Holmes se levantó de un salto de su silla.


—¡Póngase detrás de él, Watson! ¡No lo deje salir! Ahora, señor, veamos el contenido de esa cartera.


Milverton se había deslizado, rápido como una rata, a un lado de la habitación y estaba con la espalda contra la pared.


—Señor Holmes, señor Holmes —dijo, abriendo la pechera de su abrigo y enseñándoles la culata de un gran revólver que sobresalía del bolsillo interior—. Esperaba que hiciera algo más original. Esto se ha hecho tantas veces, y ¿qué se ha sacado en claro de ello? Le aseguro que estoy armado hasta los dientes y que estoy absolutamente dispuesto a utilizar mis armas, puesto que sé que la ley está de mi lado. Además, su hipótesis de que llevaría las cartas aquí en una cartera es completamente errónea. No haría nada tan estúpido. Y ahora, caballeros, tengo una o dos pequeñas entrevistas esta noche y hay un largo camino hasta Hampstead.

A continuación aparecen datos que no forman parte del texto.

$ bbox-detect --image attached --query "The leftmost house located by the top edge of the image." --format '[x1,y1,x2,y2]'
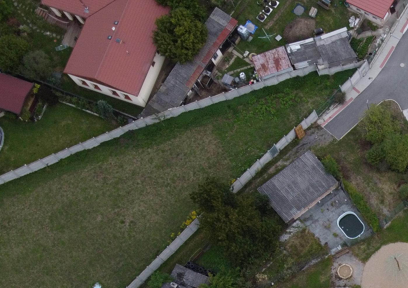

Dio un paso al frente, cogió su abrigo, puso la mano en el revólver y se volvió hacia la puerta. Yo agarré una silla, pero Holmes negó con la cabeza y la volví a dejar en el suelo. Con una inclinación, una sonrisa y un destello en los ojos, Milverton salió de la habitación, y unos breves momentos después oímos el portazo de la puerta del carruaje y el traqueteo de las ruedas al alejarse de allí.


Holmes se sentó inmóvil junto al fuego, con las manos metidas hasta el fondo de los bolsillos de sus pantalones, la barbilla hundida contra su pecho, los ojos fijos en las ascuas incandescentes. Durante media hora, permaneció quieto y en silencio. Luego, con la expresión de un hombre que ha tomado una decisión, se puso en pie de un salto y entró en su dormitorio. Un poco más tarde, un joven obrero desenfadado con perilla y paso arrogante, encendió su pipa de barro a la luz de la lámpara antes de bajar a la calle.


—Tardaré un rato en volver, Watson.


Y, tras decir aquello, se desvaneció en la noche. Comprendí que había comenzado su campaña contra Charles August Milverton, pero poco me imaginaba la extraña forma que estaba destinada a adoptar esa campaña.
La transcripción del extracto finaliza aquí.